SUPPLIED DATA Block Start

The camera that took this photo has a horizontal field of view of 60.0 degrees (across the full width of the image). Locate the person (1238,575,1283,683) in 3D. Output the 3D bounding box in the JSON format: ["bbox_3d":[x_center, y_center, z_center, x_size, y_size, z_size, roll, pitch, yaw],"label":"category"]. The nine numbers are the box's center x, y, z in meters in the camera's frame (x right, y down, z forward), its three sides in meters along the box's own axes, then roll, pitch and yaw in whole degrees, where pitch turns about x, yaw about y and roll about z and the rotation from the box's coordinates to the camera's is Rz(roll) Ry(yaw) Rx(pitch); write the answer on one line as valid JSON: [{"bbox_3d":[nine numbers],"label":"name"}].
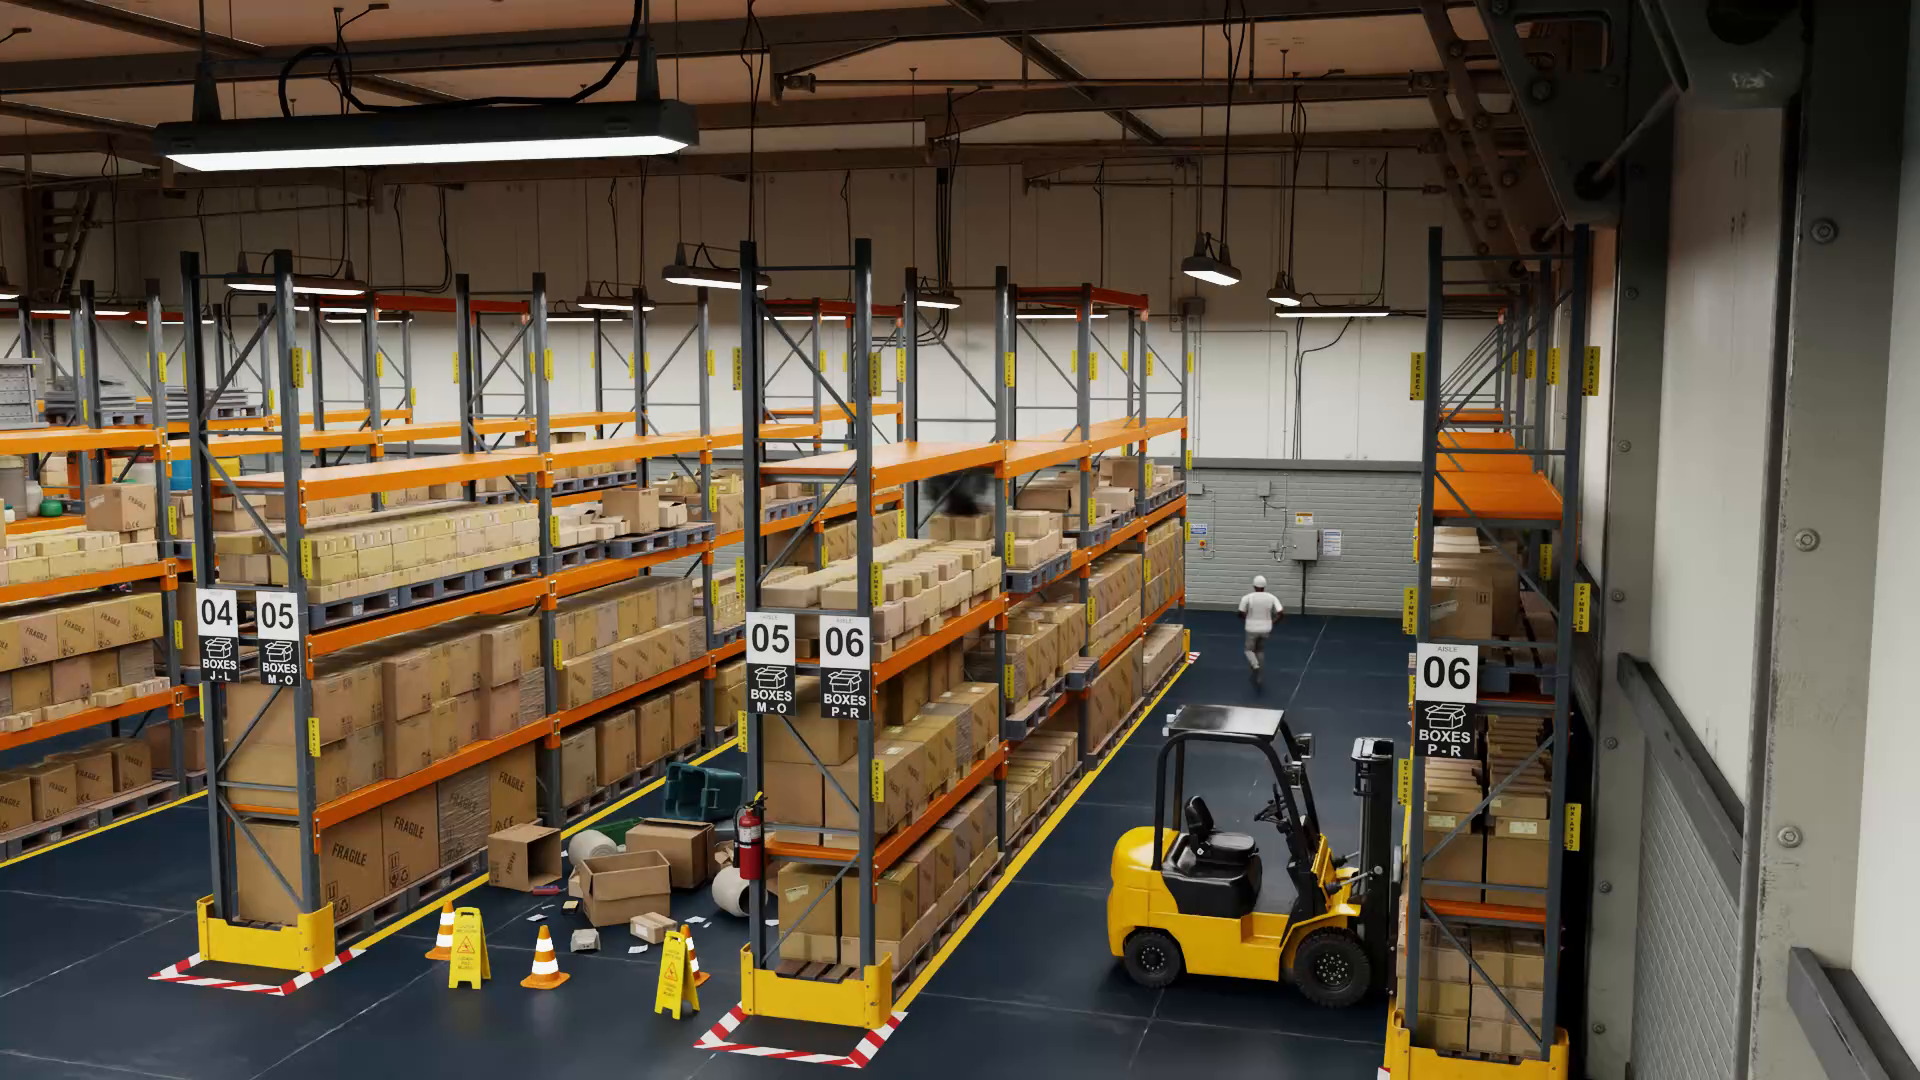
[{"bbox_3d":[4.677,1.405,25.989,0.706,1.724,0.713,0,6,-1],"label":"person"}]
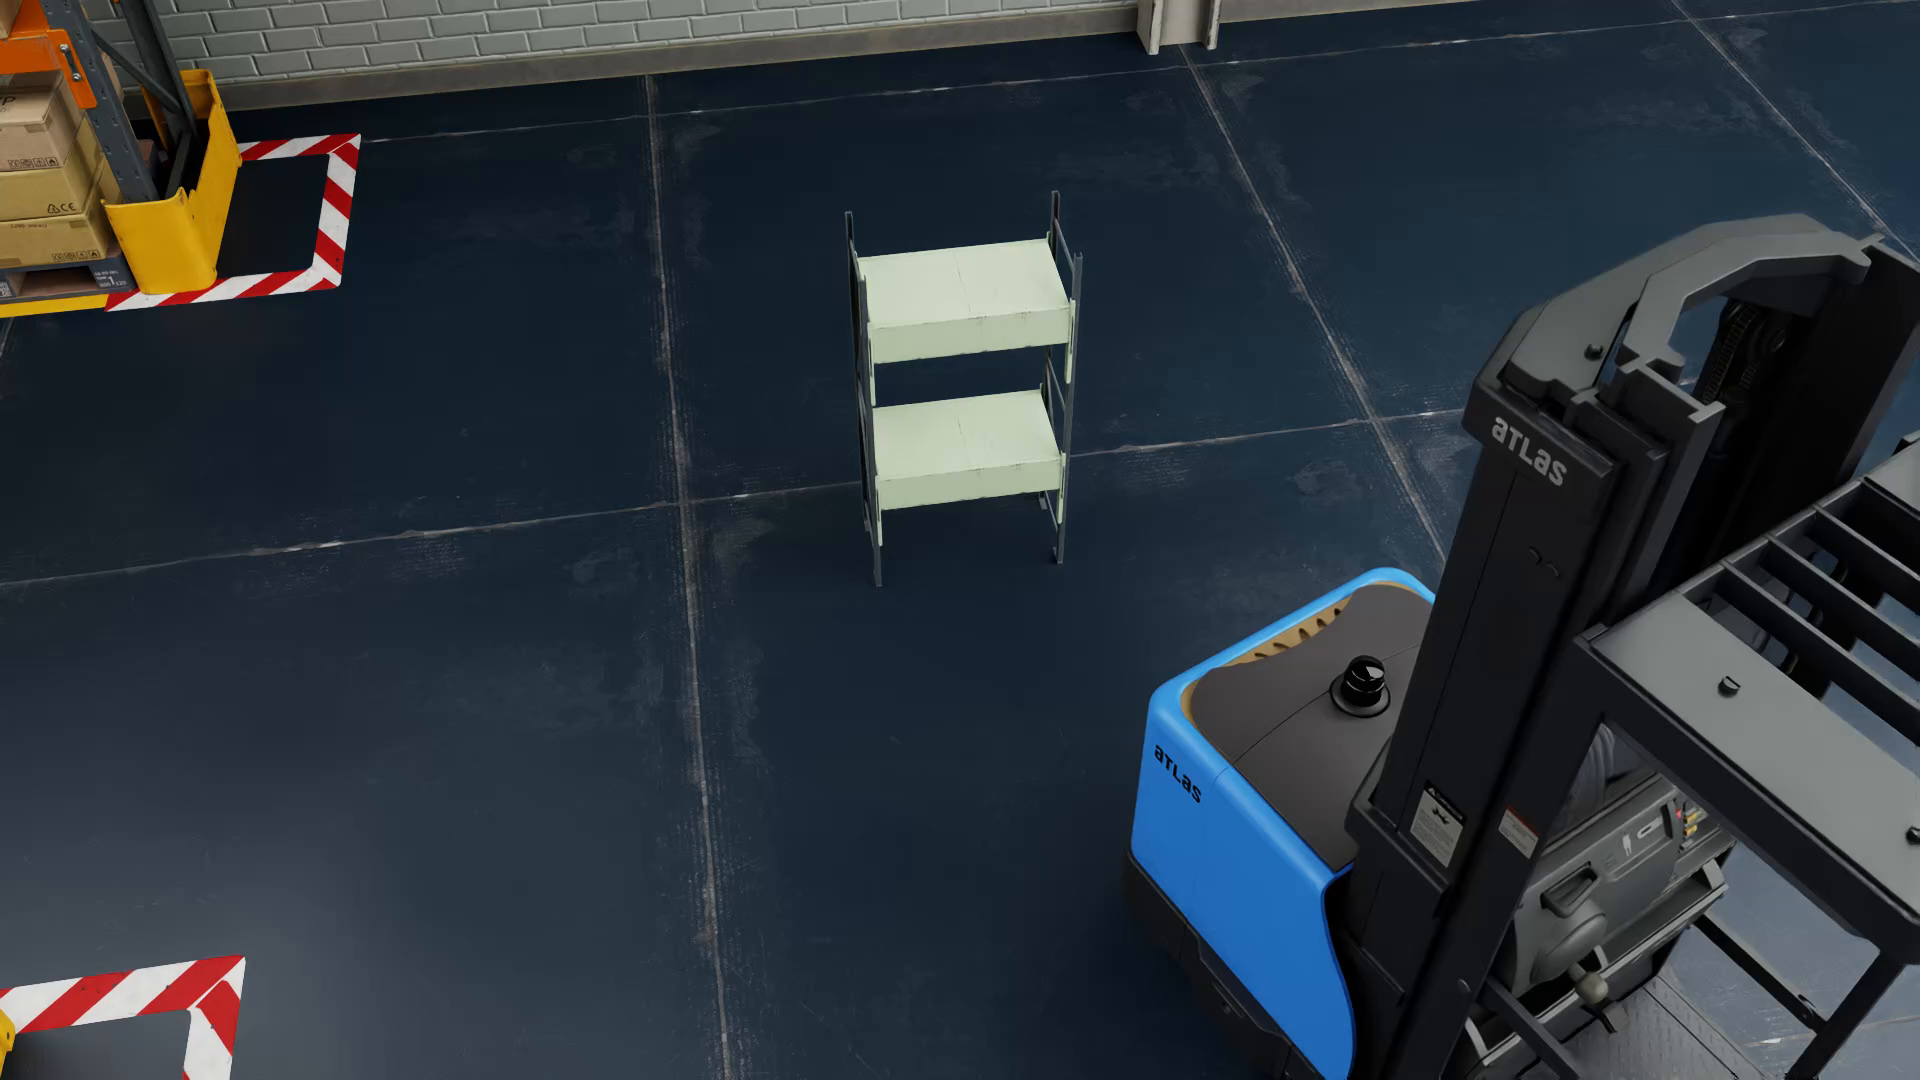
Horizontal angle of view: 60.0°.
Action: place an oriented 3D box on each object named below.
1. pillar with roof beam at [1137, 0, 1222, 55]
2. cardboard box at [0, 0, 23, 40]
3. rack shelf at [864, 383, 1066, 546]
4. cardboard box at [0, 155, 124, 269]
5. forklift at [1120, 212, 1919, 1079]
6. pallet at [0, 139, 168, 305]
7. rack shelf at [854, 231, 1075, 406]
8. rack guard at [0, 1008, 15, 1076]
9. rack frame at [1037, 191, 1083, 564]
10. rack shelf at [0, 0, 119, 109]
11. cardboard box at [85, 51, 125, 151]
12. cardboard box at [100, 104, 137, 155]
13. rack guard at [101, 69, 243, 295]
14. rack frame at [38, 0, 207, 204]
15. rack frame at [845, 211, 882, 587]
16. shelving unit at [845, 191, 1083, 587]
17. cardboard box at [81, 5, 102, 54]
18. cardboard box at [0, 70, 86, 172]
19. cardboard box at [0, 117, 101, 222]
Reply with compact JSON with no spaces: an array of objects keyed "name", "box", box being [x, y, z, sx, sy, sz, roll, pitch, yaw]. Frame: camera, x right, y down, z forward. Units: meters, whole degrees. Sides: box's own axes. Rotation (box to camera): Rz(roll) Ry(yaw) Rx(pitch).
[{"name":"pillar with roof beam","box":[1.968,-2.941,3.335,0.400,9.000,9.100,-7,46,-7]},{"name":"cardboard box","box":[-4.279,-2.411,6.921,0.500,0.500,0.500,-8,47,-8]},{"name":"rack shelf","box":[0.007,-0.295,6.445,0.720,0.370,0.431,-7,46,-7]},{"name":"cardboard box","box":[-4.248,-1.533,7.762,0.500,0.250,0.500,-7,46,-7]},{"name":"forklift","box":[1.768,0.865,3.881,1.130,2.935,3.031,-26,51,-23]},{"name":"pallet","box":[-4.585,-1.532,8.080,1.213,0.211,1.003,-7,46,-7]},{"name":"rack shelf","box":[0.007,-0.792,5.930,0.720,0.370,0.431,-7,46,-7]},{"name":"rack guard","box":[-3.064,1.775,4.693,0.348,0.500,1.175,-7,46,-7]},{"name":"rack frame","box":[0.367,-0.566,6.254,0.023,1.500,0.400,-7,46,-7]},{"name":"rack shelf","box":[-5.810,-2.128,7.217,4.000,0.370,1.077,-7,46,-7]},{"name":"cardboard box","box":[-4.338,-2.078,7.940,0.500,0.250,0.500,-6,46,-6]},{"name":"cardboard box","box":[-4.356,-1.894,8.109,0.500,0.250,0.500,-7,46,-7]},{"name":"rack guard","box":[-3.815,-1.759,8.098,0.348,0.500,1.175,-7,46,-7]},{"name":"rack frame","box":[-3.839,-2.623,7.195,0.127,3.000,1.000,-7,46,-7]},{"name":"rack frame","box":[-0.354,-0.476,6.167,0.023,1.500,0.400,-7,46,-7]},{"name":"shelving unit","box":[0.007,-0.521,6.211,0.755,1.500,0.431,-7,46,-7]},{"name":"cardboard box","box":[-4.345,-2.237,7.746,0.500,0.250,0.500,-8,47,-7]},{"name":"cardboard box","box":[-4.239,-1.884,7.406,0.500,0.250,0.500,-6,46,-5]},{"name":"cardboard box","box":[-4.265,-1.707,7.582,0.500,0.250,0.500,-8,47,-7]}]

SUPPLIED DATA Block End

*EXERCISE DESCRIPTION*.
Give back, word for word, only the lines above from the line holding "Action: place an" to the line holding "6. pallet at [0, 139, 168, 305]", both included.

*TASK SOLUTION*.
Action: place an oriented 3D box on each object named below.
1. pillar with roof beam at [1137, 0, 1222, 55]
2. cardboard box at [0, 0, 23, 40]
3. rack shelf at [864, 383, 1066, 546]
4. cardboard box at [0, 155, 124, 269]
5. forklift at [1120, 212, 1919, 1079]
6. pallet at [0, 139, 168, 305]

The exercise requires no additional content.